Space Travel
11, Feb, 2012

Your Photo on a Space Shuttle

Written by spacetravel.org   
Wednesday, 23 June 2010 13:45

NASA has promised that if you download a photo of your face to their Face in Space website, it will be placed on a space shuttle and flown to the International Space Station.

You can choose which of the last two space shuttle missions will carry your photo: Space Shuttle Discovery mission STS-133, which will launch on September 16, or Space Shuttle Endeavour mission STS-134, which will launch in November.

STS-133 will deliver Robonaut 2, a robot assistant, to the ISS. It will also transport a cargo pod to the space station.

STS-134 will carry an instrument for searching for phenomena such as antimatter galaxies.

The most recent shuttle mission, STS-132, was Space Shuttle Atlantis' final mission.

After the space shuttle program ends, NASA will use commercial spacecraft to transport American cargo and American astronauts to the International Space Station.

NASA's new goal for human space exploration is to send human beings to an asteroid by 2025.

Once that goal is achieved, NASA hopes to send humans to Mars.

While Face in Space project is the first NASA project to allow people to send photographs into space, names and messages have been carried on other NASA spacecraft before.

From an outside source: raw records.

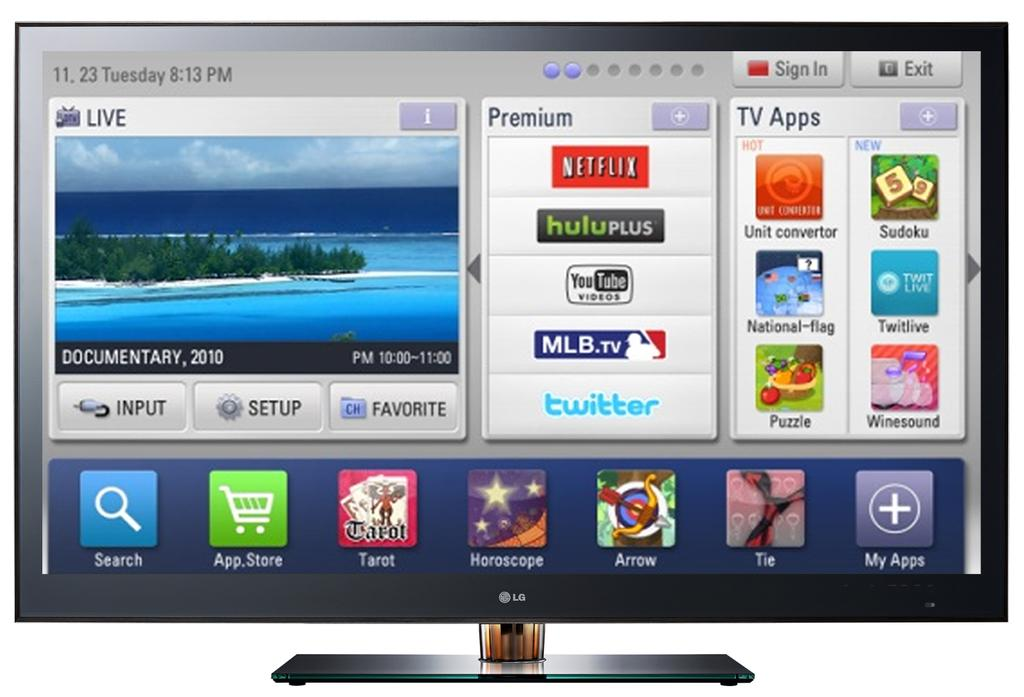<image>
Present a compact description of the photo's key features. An LG tv which is displaying different streaming services on the screen like Netflix,Huluplus, Youtube and MLB TV. 
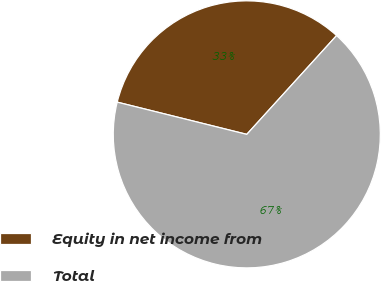Convert chart. <chart><loc_0><loc_0><loc_500><loc_500><pie_chart><fcel>Equity in net income from<fcel>Total<nl><fcel>32.86%<fcel>67.14%<nl></chart> 
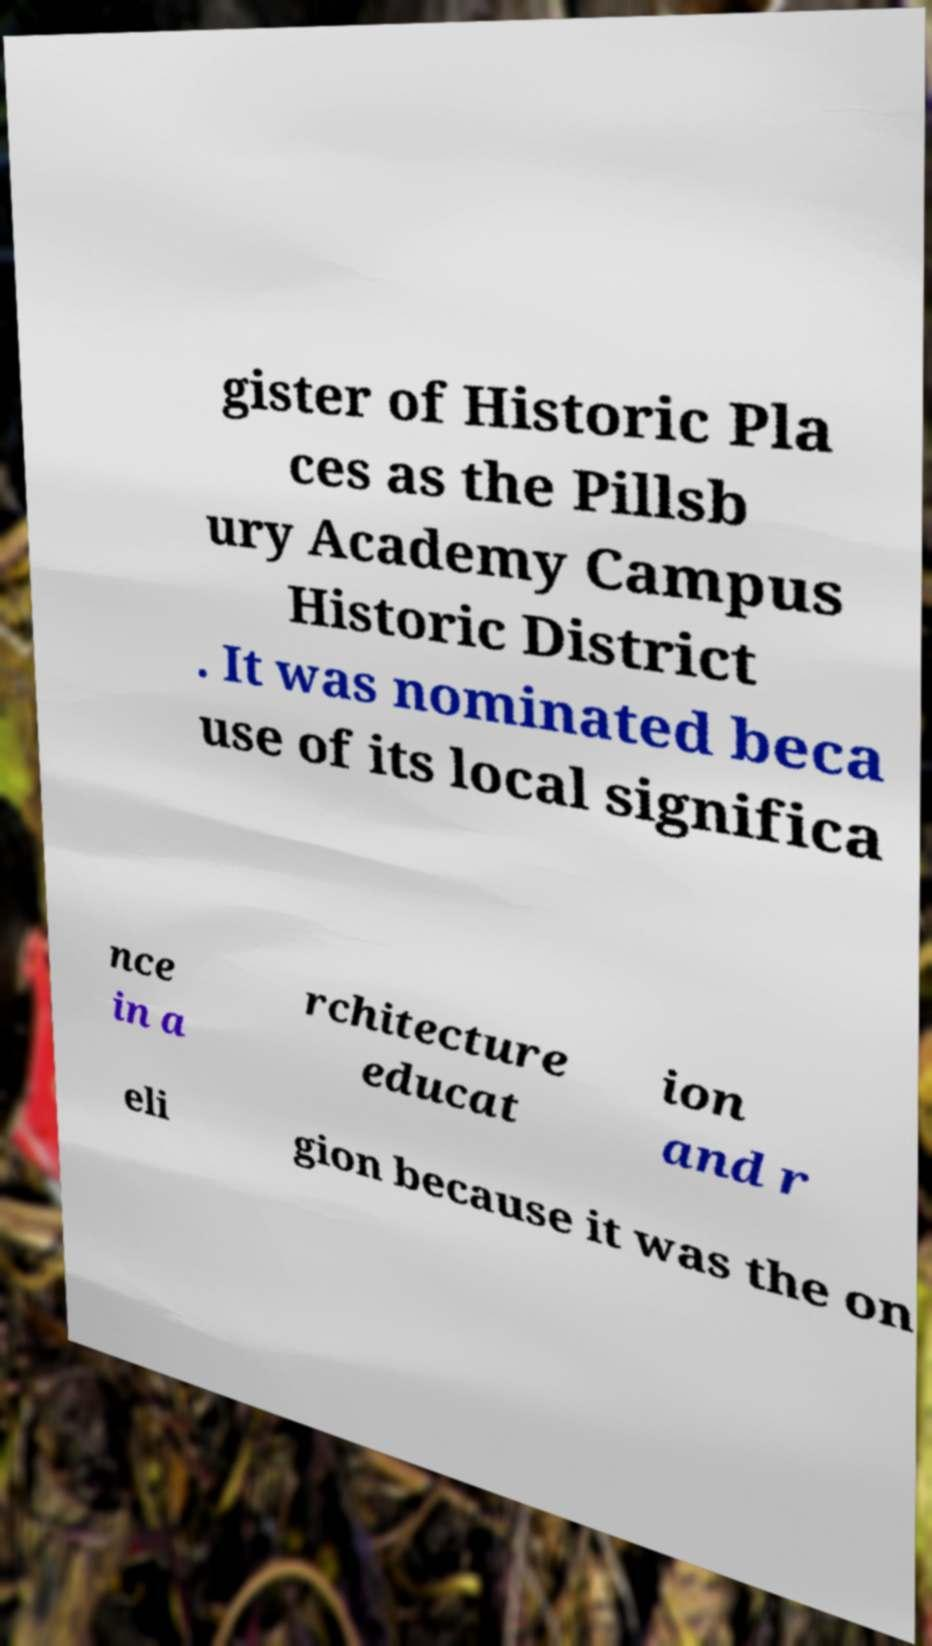Could you assist in decoding the text presented in this image and type it out clearly? gister of Historic Pla ces as the Pillsb ury Academy Campus Historic District . It was nominated beca use of its local significa nce in a rchitecture educat ion and r eli gion because it was the on

Through the Student Signatures in Space project, space shuttles have been carrying the signatures of school children into space since 1997.

The Mars Rover placed a mini-DVD, which contains millions of names, on the North Pole of Mars in 2004.

In 2008, the Lunar Reconnaissance Orbiter took a microchip full of people's names to the Moon.

The Kepler telescope, which is looking for planets outside the Solar System, carries a DVD with names and messages.

Participants in Face in Space must be over 13 and cannot upload any content that is sexually explicit. NASA will remove any photos that violate its terms and conditions.